* **TASK DESCRIPTION**
Leave out the pictures, and reproduce exactly the lines from the line containing "Answer yes or no. Yes. Does Bubblegum" through the final line of the entries.

* **RECORDS PROVIDED**
= Beginning of Section =

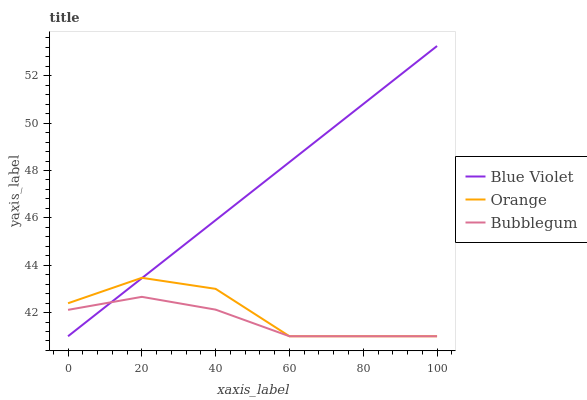Does Bubblegum have the minimum area under the curve?
Answer yes or no. Yes. Does Blue Violet have the maximum area under the curve?
Answer yes or no. Yes. Does Blue Violet have the minimum area under the curve?
Answer yes or no. No. Does Bubblegum have the maximum area under the curve?
Answer yes or no. No. Is Blue Violet the smoothest?
Answer yes or no. Yes. Is Orange the roughest?
Answer yes or no. Yes. Is Bubblegum the smoothest?
Answer yes or no. No. Is Bubblegum the roughest?
Answer yes or no. No. Does Blue Violet have the highest value?
Answer yes or no. Yes. Does Bubblegum have the highest value?
Answer yes or no. No. Does Bubblegum intersect Orange?
Answer yes or no. Yes. Is Bubblegum less than Orange?
Answer yes or no. No. Is Bubblegum greater than Orange?
Answer yes or no. No. 
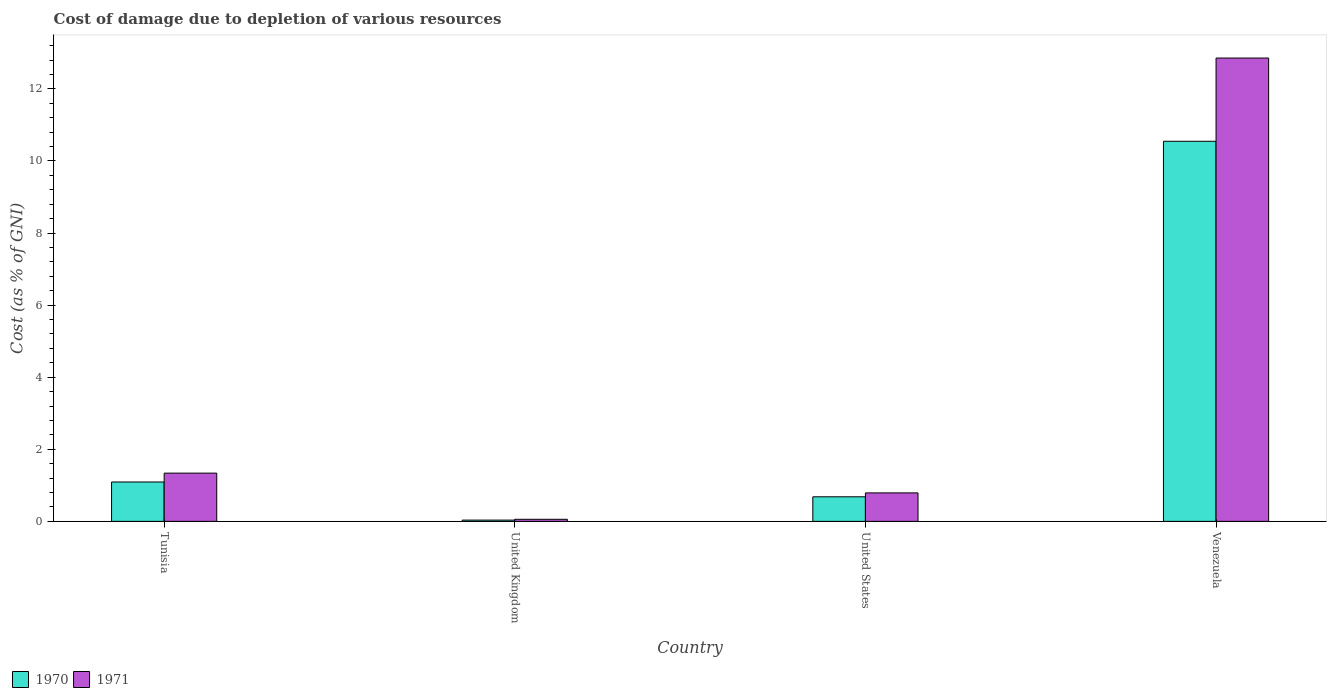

= End of Section =

* **TASK SOLUTION**
Answer yes or no. Yes. Does Bubblegum have the highest value?
Answer yes or no. No. Does Bubblegum intersect Orange?
Answer yes or no. Yes. Is Bubblegum less than Orange?
Answer yes or no. No. Is Bubblegum greater than Orange?
Answer yes or no. No. 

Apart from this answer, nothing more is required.